Out of Controlby Kevin Kelly
“This book is now a decade and half old, but it's still mind-blowing.”
This book is now a decade and half old, but it's still mind-blowing. It describes how much of the world around us is not planned, or even plan-able, but simply emergent phenomena, governed by probability and chance. Shit happens.
Predictably Irrational by Dan Ariely
“Ariely shows how and why our poor broken mammalian brains lead us into temptation.”
We are idiots. If that weren't already obvious, Ariely shows how and why our poor broken mammalian brains lead us into temptation, and explains why $2.99 works on us even though we've been to college.
Fooled by Randomness by Nassim Nicholas Taleb
“This is the precursor to The Black Swan and is, I think, a stronger book.”

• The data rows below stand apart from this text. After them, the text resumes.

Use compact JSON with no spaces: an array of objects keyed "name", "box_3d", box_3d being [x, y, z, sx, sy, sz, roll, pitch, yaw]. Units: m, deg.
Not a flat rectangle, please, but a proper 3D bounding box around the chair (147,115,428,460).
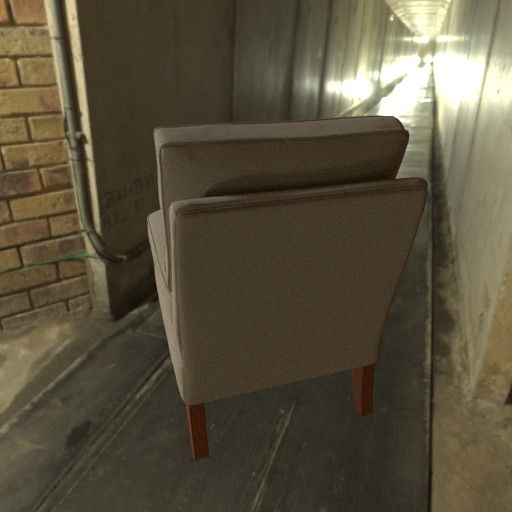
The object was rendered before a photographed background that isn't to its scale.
[{"name":"chair","box_3d":[0.000,0.000,1.635,0.724,1.045,0.924,-8,27,-16]}]
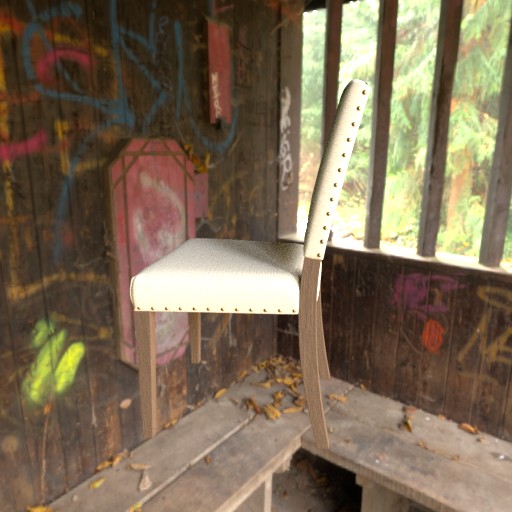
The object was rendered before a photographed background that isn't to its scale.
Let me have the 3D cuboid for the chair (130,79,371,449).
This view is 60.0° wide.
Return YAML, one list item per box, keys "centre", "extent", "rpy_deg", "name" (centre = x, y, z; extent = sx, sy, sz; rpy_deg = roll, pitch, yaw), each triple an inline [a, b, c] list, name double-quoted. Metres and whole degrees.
- centre: [0.000, 0.000, 1.382]
  extent: [0.619, 1.015, 0.508]
  rpy_deg: [2, 14, 9]
  name: "chair"
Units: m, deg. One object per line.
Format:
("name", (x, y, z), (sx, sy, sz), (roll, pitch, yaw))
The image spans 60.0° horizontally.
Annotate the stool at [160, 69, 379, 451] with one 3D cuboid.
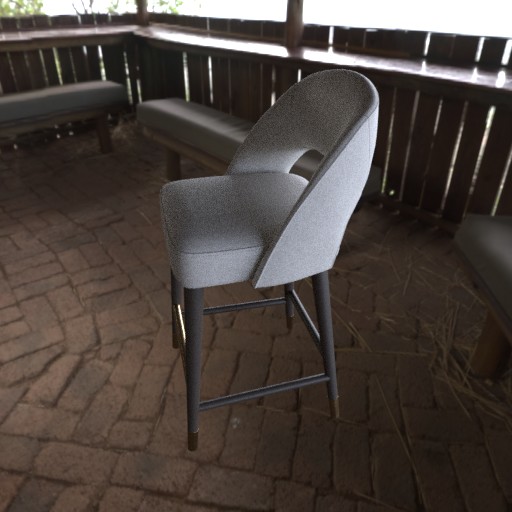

This is the precursor to The Black Swan and is, I think, a stronger book. Our brains are pattern-matching machines, and we tend to see signal in noise, imagining meaning where there is usually none. Yesterday's astrology is today's stock-market analysis—connecting random dots may produce a story, but that doesn't make it true.
Daemon by Daniel Suarez
“One of the only works of fiction I've read in years… a terrific bit of sci-fi.”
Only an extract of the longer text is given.